The 2026 FIBA Europe SuperCup Women will be the 15th edition of the FIBA Europe SuperCup Women. It is scheduled to be held on 7 October 2026, in Mersin, Turkey between ÇBK Mersin and Fenerbahçe.

==Teams==
The game will be an all Turkish encounter between ÇBK Mersin and Fenerbahçe.

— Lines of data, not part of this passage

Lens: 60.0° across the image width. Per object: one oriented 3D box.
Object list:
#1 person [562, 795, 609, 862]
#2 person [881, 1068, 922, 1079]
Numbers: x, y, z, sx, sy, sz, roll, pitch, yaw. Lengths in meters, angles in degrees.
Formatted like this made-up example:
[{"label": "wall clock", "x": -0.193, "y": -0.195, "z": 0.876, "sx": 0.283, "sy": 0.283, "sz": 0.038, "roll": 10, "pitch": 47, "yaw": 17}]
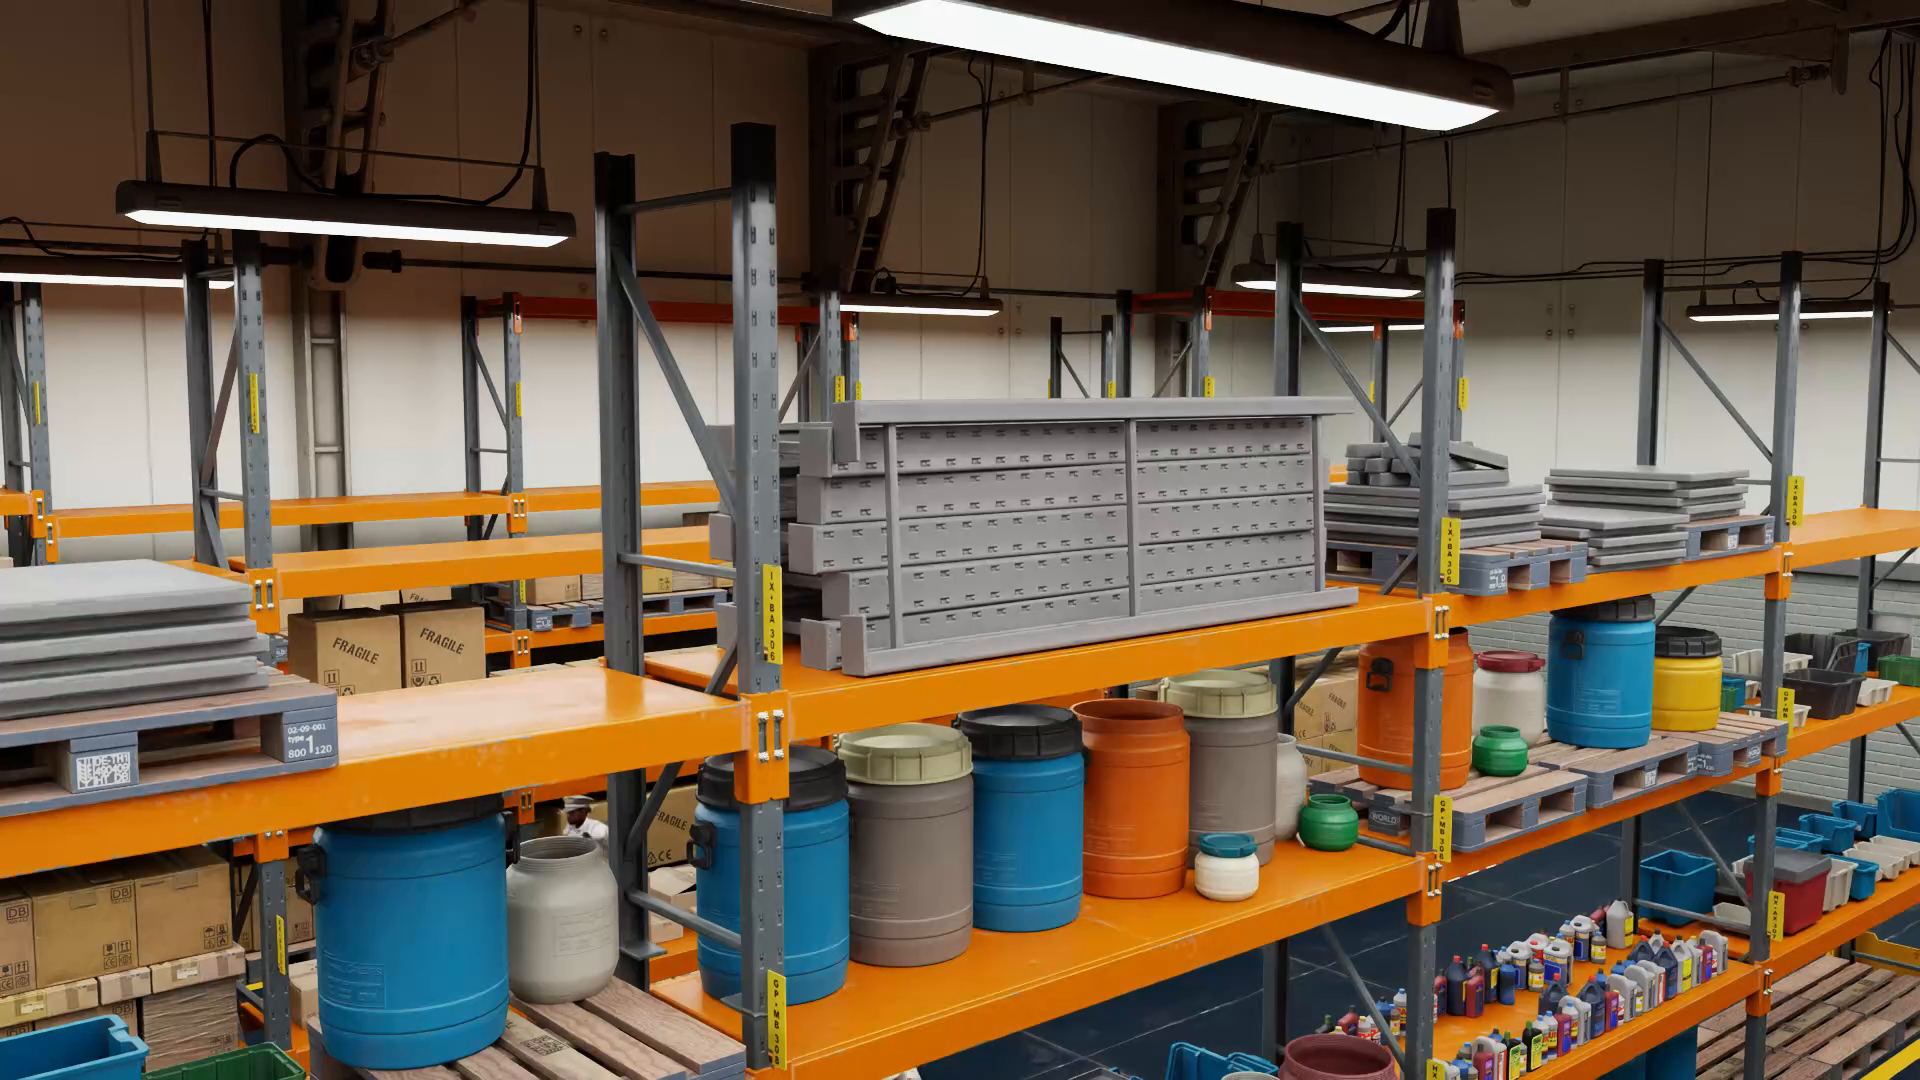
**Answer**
[{"label": "person", "x": -3.172, "y": 3.007, "z": 14.308, "sx": 0.468, "sy": 1.703, "sz": 0.692, "roll": 5, "pitch": 7, "yaw": 43}, {"label": "person", "x": -0.407, "y": 3.393, "z": 10.149, "sx": 1.081, "sy": 1.591, "sz": 0.723, "roll": -4, "pitch": 7, "yaw": -35}]

| Team | Qualification | Previous participation (bold indicates winners) |
|---|---|---|
| TUR ÇBK Mersin | Winners of the 2025–26 EuroCup Women | None |
| TUR Fenerbahçe | Winners of the 2025–26 EuroLeague Women | 2 (2023, 2024) |

==Venue==
The Servet Tazegül Arena in Mersin, Turkey will host the match.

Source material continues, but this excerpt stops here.